_EXERCISE_. Exclude pictures; retype the lines below from the line containing "name: (x, y, z, sx, sy, sz, roll, pitch, yaw)" through the end of the records, both ends kept.

_SUPPLIED MATERIAL_.
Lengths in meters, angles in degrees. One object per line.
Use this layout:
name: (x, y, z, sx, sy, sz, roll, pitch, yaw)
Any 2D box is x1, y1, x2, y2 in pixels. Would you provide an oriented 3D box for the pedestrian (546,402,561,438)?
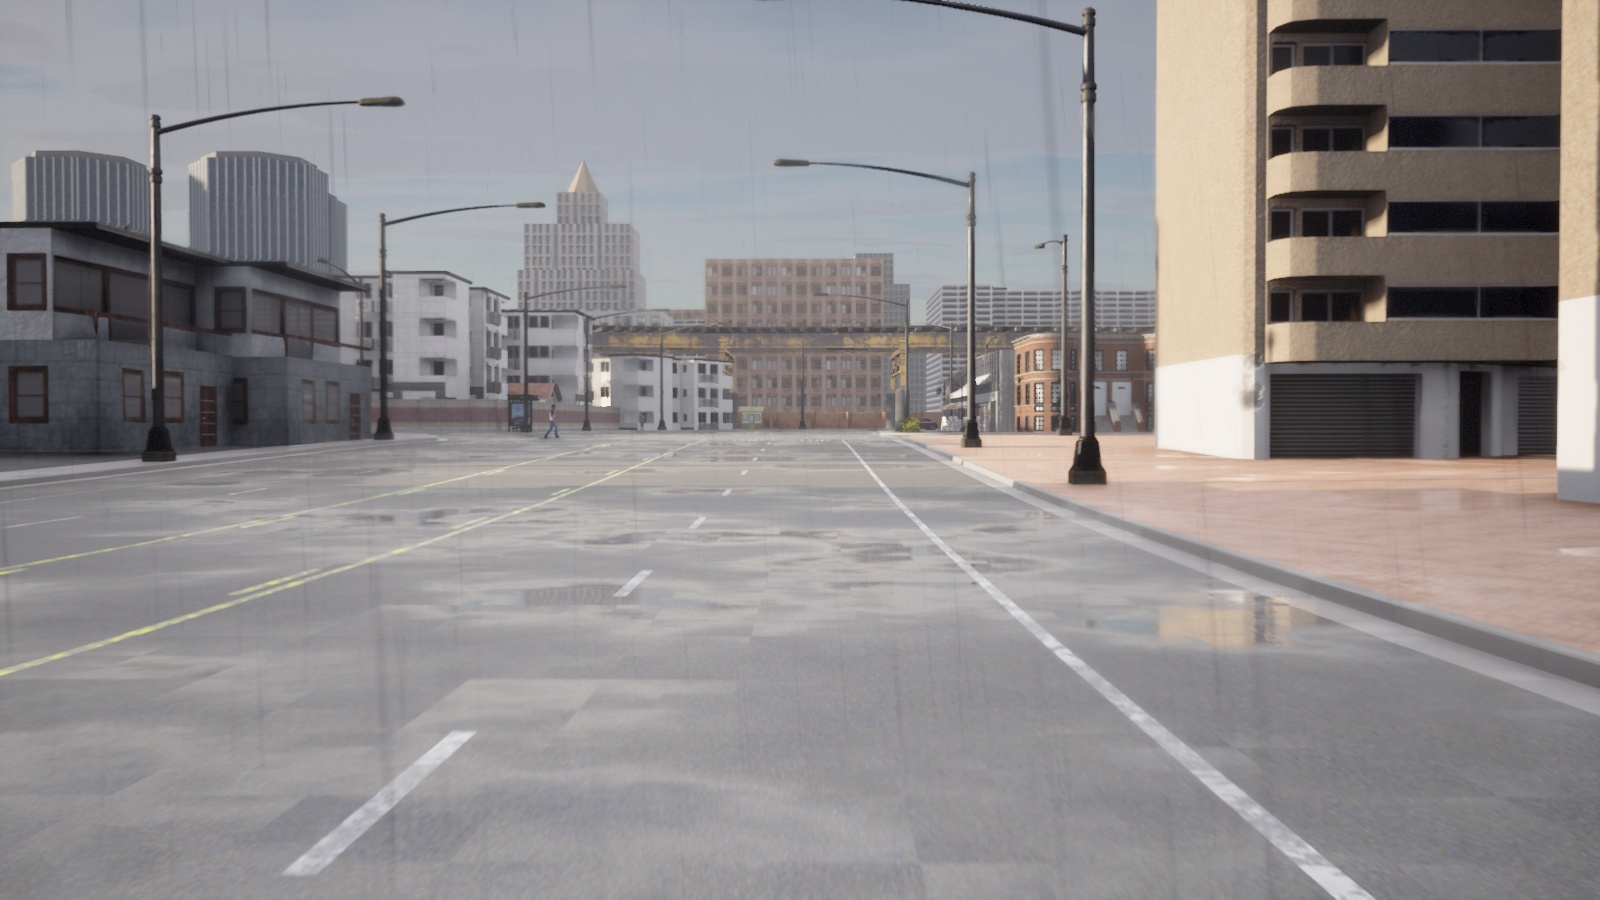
pedestrian: (-12.832, -1.570, 65.390, 0.706, 1.836, 0.354, 0, 1, -3)

_TASK ANSWER_.
name: (x, y, z, sx, sy, sz, roll, pitch, yaw)
Any 2D box is x1, y1, x2, y2 in pixels. Would you provide an oriented 3D box for the pedestrian (546,402,561,438)?
pedestrian: (-12.832, -1.570, 65.390, 0.706, 1.836, 0.354, 0, 1, -3)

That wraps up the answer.